Alternatively, the requirements block must come before any code, so you stop looking for it at the first non-empty, non-comment line. Simpler to implement tools for, more limiting for the user.

PEP 508 does not allow local directories or files as dependecy specifiers.

I think it actually might allow local files. It allows URLs (as in pkg @ https://...), and as far as I can see, it doesn’t specify what schemes are allowed, so I think foo @ file:///home/takluyver/foo-0.1-py3-none-any.whl is valid according to the spec. I haven’t checked what implementations actually do with this.

pf_moore · July 20, 2023, 4:40pm

I agree. My initial reaction was a bit too panicky. I actually think we should apply the “consenting adults” principle here. The rules on how the dependency block is identified and parsed must be clear and unambiguous (I believe they are, but we can fix them if not). But they do not have to prevent users from putting then in dumb places (such as in multi-line strings).

If a developer wants to put something that looks like a dependency block (but isn’t) in a script’s docstring, they have to put the actual dependency block before the docstring, so it gets recognised first. And if they don’t have dependencies, but want to use a tool that looks for a dependency block, they can put in an empty dependency block.

If a developer wants to put a real dependency block in a multi-line string, fine. Let them do it. What’s the harm?

Rules don’t stop people doing stupid things^[1]. Common sense (and other people) stops people doing stupid things.

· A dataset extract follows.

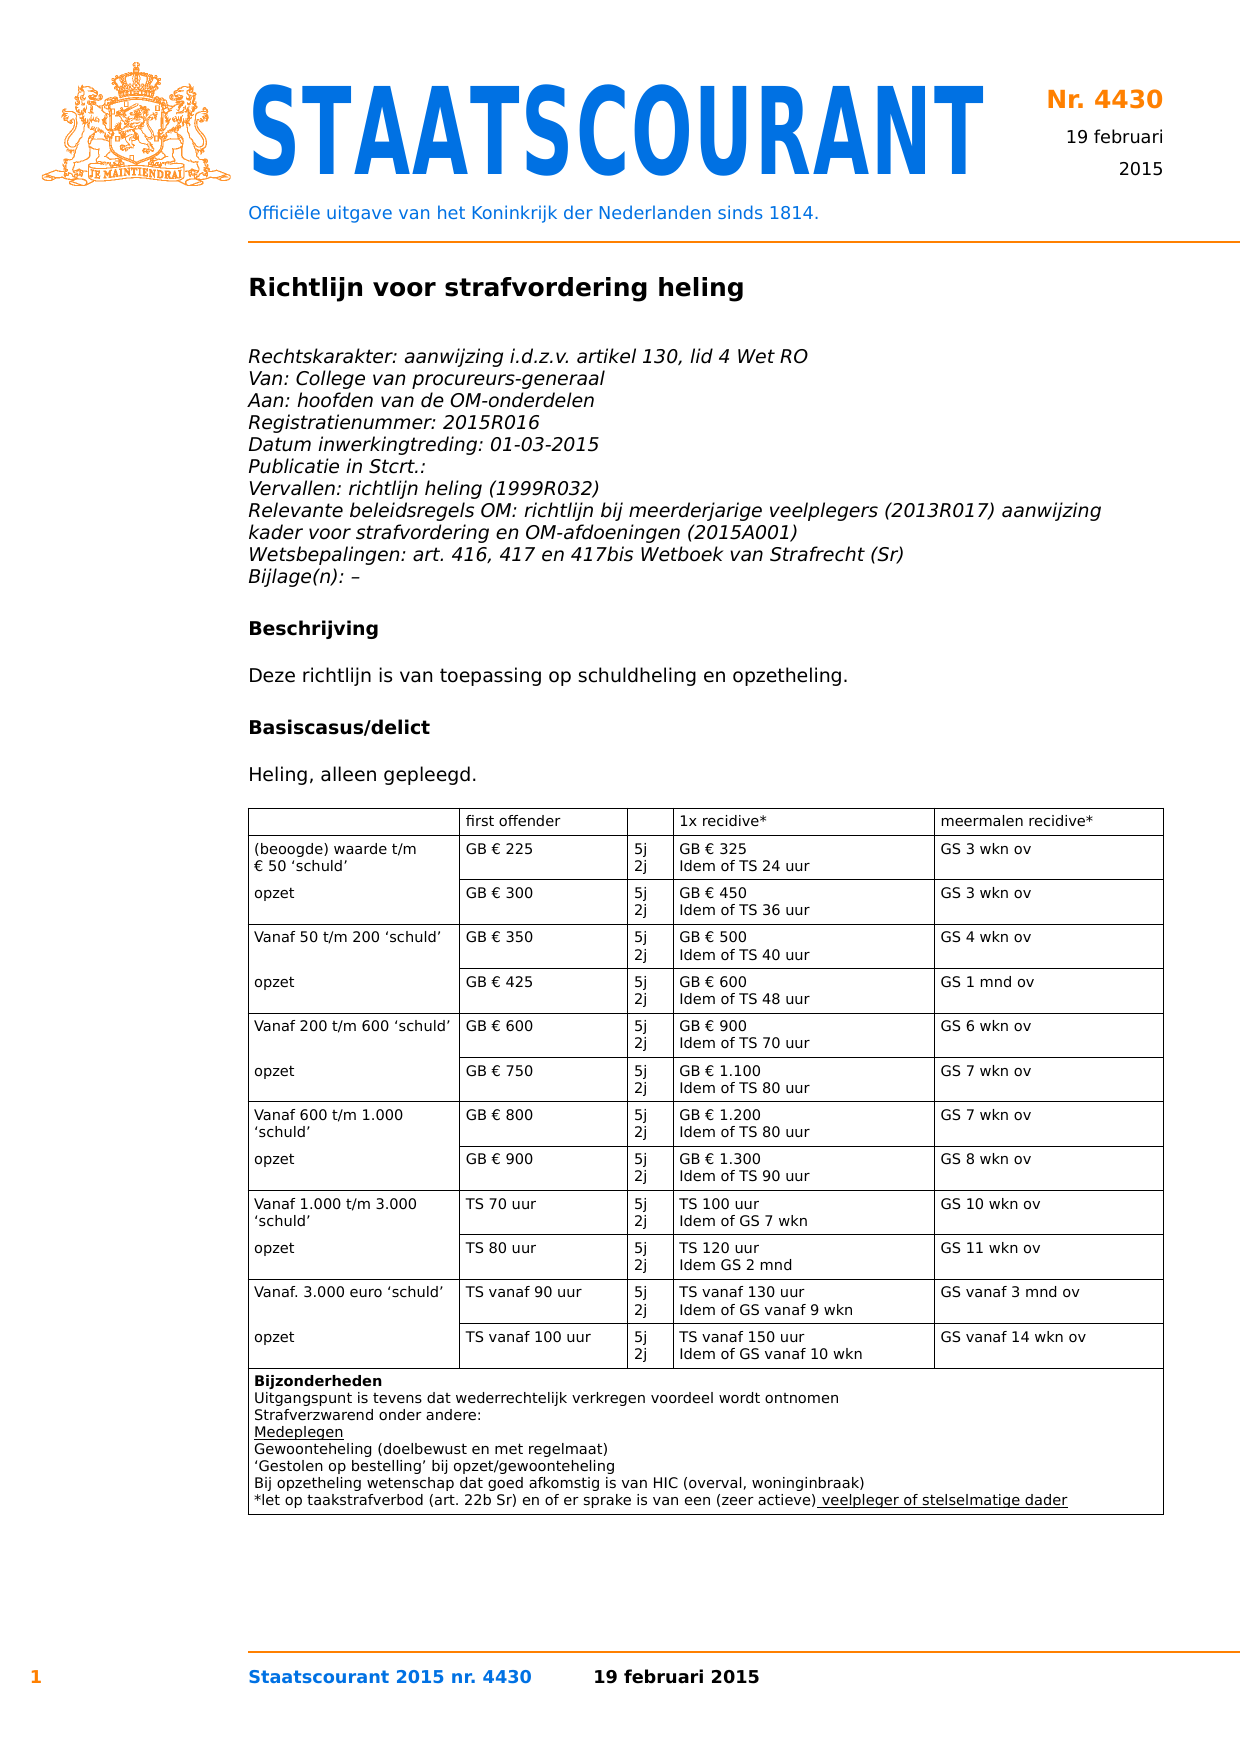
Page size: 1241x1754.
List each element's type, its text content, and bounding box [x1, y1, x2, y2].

no matter how much we try to make them ↩︎

jeanas · July 20, 2023, 4:44pm

I don’t like the PEP, as I said above, but assuming that it is going to be done, why not borrow the same syntax as encoding comments? Namely #-*- requirements: numpy, scipy, pandas, rich -*-.

I can also imagine

__requirements__ = """
numpy
scipy
pandas
rich
"""

or even

__metadata__ = """
[project.dependencies]
...
"""

(the latter making it an “inline pyproject.toml”).

pf_moore · July 20, 2023, 4:45pm

I was over-simplifying. It may do, but the usability sucks (no relative paths, and don’t get me started on Windows drive letters). My point here was that tools may reasonably want to allow extended forms of dependency specifier, and I don’t want to disallow that, even though it’s not something I want to try to define in the PEP. The obvious extension is “anything that pip can use as a requirement” (and that’s what pipx and, I believe, pip-run allow).

pf_moore · July 20, 2023, 4:50pm

Jean Abou Samra:

I can also imagine
__requirements__ = """
numpy
scipy
pandas
rich
"""
or even
__metadata__ = """
[project.dependencies]
...
(the latter making it an “inline pyproject.toml”).

These ideas are addressed in the PEP (“Why not include other metadata?” and “Why not make the dependencies visible at runtime?”). I imagine you’ll disagree with those sections as well, of course. And it’s perfectly fine for you to disagree - this isn’t going to be something everyone will like. But if you have suggestions or questions that aren’t already covered in the PEP, please do ask them - I’ll be updating the PEP based on the feedback here, so I want to make sure I hear everyone’s views.

(The idea of an encoding comment style is one I’ll think about. I don’t like it, but I need to articulate why if I want to represent it fairly in the PEP).